L’augurio è ovviamente che l’ANAFI viva ancora trenta volte trent’anni, ma la
sua importanza nel mondo del fumetto sarà anche legata alle scelte che saprà
fare nel prossimo futuro. La tradizione è una bella cosa, ma anche il
rinnovamento è necessario.
26. Risorgono le manifestazioni, vecchie e nuove
Avevamo lasciato le mostre di fumetti all’epoca della
“Grande Stanca” degli anni fra il 1986 e il 1989, quando alle manifestazioni ci
ritrovavamo fra i “soliti noti” a guardarci reciprocamente negli occhi, mentre
i “collezionisti ristampisti” acquistavano le ultime vagonate di carta. Ma nel
1990 accade un fatto nuovo: ai cancelli di Lucca iniziano a premere gruppi di
giovanissimi, volti sconosciuti: prima piccole folle, poi un esercito di
adolescenti con gli zainetti avidi di carta stampata. Cos’è successo? Semplice,
sono arrivati i Manga, e gli appassionati di supereroi e di fumetti
neo-bonelliani sono diventati improvvisamente “attivi”. È Dylan Dog, insomma,
che salva sia il Fumetto italiano che le mostre mercato, se vogliamo cedere
alle lusinghe di un’estrema semplificazione. L’arrivo dei “nuovi” giovanissimi
ha qualcosa di epocale: le strutture del Palazzetto non sono in grado di
contenere grandi e impreviste folle, e arrivano addirittura le forze
dell’ordine a contenere l’afflusso alle biglietterie. Osserviamo la scena dalle
finestre dei ballatoi, sopra le tribune, con un misto di piacere e di
sconcerto. Naturalmente, questo cambiamento drammatico provoca un piccolo
terremoto fra gli “amatoriali”. Qualcuno si ricicla abilmente, abbandonando
l’erotismo raffinato e costoso e mettendo su riviste tutte dedicate a Tex e compagni;
altri tentano trasformazioni ancora più velleitarie; molti cedono
definitivamente le armi. Ma sono gli organizzatori delle mostre a cercare di
sfruttare fino all’osso la nuova fiammata. Sia Lucca che le altre
manifestazioni vengono migliorate e potenziate; l’afflusso delle nuove leve non
accenna a diminuire, e il ricavo dei biglietti d’ingresso (antipatica novità
introdotta giusto alla fine degli anni Ottanta) va alle stelle.
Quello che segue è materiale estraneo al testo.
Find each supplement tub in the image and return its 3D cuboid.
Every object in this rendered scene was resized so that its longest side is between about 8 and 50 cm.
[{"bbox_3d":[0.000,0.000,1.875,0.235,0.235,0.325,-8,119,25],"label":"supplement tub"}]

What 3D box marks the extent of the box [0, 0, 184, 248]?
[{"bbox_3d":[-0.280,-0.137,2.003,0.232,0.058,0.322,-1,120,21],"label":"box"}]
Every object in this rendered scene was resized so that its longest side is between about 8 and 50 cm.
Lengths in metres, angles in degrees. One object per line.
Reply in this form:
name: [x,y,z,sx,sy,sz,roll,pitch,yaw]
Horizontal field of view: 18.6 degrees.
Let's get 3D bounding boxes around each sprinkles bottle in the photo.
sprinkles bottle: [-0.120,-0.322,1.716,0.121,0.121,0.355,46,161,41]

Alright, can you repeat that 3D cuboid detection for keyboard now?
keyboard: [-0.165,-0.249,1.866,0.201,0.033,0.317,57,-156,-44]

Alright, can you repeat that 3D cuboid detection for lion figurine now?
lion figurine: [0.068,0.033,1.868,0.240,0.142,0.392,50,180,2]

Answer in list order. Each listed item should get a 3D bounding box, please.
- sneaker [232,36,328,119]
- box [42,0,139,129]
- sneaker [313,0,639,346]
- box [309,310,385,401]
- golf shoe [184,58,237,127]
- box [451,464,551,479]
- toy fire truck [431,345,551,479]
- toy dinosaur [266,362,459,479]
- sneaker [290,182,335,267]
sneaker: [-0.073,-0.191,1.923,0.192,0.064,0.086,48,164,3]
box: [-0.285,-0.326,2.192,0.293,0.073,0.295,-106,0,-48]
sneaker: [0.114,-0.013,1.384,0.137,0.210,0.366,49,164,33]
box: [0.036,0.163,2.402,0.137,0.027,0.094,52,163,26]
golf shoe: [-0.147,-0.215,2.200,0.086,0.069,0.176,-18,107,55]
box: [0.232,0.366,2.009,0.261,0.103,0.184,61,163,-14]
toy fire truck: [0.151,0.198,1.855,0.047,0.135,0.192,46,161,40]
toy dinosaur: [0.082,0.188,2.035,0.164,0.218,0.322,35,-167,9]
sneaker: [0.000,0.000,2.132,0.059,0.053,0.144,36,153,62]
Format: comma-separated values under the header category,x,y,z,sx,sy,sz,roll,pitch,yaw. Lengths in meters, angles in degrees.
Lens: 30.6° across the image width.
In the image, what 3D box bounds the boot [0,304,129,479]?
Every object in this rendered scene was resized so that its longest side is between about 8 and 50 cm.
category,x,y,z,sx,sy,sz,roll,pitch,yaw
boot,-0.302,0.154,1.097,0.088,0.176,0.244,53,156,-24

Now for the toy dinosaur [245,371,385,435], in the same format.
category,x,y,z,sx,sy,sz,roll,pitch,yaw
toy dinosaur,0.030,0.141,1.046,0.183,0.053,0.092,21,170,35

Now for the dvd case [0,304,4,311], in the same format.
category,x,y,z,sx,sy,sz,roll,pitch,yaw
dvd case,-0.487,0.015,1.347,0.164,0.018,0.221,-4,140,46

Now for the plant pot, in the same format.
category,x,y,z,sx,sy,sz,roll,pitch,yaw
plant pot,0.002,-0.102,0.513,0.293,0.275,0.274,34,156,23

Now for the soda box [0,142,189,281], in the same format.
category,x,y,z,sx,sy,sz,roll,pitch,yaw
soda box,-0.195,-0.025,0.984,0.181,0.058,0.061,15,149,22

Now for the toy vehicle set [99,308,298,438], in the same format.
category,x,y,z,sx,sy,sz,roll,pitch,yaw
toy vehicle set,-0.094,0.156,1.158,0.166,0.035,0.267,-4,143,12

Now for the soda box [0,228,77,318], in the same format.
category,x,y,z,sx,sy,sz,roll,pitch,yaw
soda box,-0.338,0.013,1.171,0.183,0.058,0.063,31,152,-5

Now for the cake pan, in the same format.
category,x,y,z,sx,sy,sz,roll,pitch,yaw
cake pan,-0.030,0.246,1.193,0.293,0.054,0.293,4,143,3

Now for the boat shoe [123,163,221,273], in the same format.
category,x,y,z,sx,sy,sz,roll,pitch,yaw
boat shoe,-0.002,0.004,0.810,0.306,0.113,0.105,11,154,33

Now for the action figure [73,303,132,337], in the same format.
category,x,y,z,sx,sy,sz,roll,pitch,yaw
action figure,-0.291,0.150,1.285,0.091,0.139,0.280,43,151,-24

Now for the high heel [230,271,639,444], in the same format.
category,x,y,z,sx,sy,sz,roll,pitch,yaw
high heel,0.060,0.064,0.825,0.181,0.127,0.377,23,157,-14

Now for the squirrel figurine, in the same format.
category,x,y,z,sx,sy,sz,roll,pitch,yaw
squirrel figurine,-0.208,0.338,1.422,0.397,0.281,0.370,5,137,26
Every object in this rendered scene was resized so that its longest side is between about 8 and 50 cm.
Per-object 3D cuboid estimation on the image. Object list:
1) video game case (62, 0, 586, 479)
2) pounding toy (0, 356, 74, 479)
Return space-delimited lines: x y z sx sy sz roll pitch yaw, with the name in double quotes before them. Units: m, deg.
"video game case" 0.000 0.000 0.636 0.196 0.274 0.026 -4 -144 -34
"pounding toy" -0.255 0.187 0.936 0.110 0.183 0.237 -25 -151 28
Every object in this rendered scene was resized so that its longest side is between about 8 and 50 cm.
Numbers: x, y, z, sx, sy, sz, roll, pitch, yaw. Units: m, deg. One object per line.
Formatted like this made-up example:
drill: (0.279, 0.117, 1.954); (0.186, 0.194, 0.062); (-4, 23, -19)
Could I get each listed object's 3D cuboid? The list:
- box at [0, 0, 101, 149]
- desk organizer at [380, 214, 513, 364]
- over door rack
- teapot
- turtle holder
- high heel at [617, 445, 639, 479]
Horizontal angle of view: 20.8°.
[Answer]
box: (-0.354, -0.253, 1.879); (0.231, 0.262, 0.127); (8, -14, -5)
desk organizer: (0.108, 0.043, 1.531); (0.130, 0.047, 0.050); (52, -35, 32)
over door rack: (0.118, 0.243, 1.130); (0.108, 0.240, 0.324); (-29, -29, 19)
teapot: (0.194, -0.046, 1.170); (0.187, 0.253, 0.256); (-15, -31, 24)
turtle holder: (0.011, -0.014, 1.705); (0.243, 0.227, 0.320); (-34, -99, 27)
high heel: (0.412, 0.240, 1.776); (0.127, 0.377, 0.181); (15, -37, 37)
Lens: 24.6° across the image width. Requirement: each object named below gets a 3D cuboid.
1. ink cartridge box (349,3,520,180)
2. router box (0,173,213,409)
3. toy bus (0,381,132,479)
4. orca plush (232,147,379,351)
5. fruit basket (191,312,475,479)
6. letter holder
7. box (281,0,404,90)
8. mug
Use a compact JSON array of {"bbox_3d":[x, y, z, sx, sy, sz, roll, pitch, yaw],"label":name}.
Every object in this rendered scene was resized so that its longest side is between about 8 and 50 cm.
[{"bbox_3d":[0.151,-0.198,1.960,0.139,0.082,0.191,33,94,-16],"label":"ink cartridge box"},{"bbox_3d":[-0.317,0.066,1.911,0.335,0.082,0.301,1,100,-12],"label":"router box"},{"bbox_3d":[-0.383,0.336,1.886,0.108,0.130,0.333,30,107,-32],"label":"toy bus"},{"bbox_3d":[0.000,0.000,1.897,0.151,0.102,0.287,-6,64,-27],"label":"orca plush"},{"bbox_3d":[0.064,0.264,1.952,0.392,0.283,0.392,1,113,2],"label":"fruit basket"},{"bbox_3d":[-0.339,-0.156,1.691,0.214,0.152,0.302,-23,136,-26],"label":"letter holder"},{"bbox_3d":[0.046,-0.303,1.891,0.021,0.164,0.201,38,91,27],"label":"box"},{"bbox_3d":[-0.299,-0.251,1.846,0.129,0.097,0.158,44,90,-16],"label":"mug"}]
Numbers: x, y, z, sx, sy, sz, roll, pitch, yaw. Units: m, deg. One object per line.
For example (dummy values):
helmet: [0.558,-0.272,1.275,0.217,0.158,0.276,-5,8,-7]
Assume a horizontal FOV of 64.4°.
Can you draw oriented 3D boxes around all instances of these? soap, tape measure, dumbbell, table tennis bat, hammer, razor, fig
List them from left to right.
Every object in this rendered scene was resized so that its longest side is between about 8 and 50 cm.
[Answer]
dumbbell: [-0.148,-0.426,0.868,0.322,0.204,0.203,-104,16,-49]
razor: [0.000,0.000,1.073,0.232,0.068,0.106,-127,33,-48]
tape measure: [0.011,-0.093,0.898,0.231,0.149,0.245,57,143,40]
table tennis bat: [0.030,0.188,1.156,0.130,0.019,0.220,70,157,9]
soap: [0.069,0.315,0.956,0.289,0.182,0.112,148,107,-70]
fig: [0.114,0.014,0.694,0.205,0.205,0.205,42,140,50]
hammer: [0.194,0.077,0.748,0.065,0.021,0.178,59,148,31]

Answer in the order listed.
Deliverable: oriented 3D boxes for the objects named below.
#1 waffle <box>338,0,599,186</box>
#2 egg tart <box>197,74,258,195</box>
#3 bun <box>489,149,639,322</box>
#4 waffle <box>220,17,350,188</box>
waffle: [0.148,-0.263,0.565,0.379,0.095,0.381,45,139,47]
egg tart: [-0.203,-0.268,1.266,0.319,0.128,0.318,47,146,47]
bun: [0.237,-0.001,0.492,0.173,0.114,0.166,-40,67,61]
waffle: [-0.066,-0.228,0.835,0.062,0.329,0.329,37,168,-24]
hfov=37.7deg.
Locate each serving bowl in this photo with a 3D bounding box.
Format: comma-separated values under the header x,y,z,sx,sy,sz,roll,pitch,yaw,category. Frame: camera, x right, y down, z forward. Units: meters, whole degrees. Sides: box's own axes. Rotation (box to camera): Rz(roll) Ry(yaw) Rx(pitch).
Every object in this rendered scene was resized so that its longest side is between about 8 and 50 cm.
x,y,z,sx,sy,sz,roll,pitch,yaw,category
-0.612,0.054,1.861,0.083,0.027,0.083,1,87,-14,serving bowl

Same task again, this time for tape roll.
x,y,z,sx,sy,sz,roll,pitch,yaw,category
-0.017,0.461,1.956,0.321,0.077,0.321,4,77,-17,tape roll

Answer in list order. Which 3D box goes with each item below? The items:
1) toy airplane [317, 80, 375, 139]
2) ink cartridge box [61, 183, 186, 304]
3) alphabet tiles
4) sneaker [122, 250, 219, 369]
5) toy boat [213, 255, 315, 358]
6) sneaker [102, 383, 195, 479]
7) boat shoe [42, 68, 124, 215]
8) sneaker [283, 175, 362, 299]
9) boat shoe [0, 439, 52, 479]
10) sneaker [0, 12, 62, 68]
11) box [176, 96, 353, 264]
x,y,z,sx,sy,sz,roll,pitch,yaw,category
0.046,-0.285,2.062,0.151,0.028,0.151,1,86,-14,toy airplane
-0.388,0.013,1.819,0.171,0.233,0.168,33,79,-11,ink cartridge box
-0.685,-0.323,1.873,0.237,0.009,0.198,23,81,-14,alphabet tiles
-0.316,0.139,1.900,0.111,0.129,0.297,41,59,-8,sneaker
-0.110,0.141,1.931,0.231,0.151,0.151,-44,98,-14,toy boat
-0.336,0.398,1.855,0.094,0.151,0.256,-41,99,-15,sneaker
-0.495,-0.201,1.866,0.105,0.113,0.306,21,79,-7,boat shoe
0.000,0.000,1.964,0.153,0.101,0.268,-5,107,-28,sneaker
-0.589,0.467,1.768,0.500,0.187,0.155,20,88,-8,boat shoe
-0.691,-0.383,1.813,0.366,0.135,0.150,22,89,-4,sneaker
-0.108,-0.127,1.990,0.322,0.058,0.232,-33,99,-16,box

Ma non mancano i problemi: anzi, alcuni si acutizzano
o esplodono proprio in concomitanza con questa seconda ondata. L’attrito e le
incomprensioni che esistono da tempo fra Rinaldo Traini e il Comune di Lucca,
si manifestano in tutta la loro gravità fra il 1990 e il 1992, due memorabili
edizioni del Salone. Traini, con tutto il gruppo di Immagine, se ne va
dopo l’edizione 1992, che vede una massiccia presenza della Disney e i
leggendari Frank Thomas e Ollie Johnston, “padri fondatori” della factory
e fra i pochi (allora) sopravvissuti del gruppo dei “nine old men”. Traini e Immagine
traslocano a Roma, Lucca sembra abbandonata: stringe il cuore, agli
appassionati di lunga data, vedere il desolato profilo di tendoni messi su alla
meglio, e il ricordo va fatalmente al leggendario “pallone”, agli anni
dell’entusiasmo più vivo.
Ma le cose tendono ad aggiustarsi, la mostra di Lucca
non può scomparire: non lo vuole il popolo del comicdom, mentre i
“locali” sembrano piuttosto tiepidi. Rimane a Lucca l’Ente Max massimino
Garnier, e al gruppo di Traini viene “strappato” il prestigioso Ernesto Guido
Laura, appartenente al Gotha della critica di fumetti, che diventa Direttore
Culturale del salone, con Claudio Bertieri (altra colonna fondamentale) come
consulente. Le edizioni del duo vanno avanti fino all’autunno del 1996. Vengono
scelti collaboratori di altissimo livello, primi fra tutti Luca Boschi e Fabio
Gadducci, mentre il giornalista Roberto Papini cura l’ufficio stampa. La mostra
non può più chiamarsi “Salone Internazionale dei Comics” né assegnare gli
“Yellow Kid”, perché entrambe le cose restano di proprietà di “Immagine”, e
traslocano a Roma; le manifestazioni proseguono senza scosse apparenti, per il
pubblico, mentre una ragnatela di invidie, gelosie, interessi privati, e altre
amenità, avvelena il clima all’interno del gruppo organizzativo.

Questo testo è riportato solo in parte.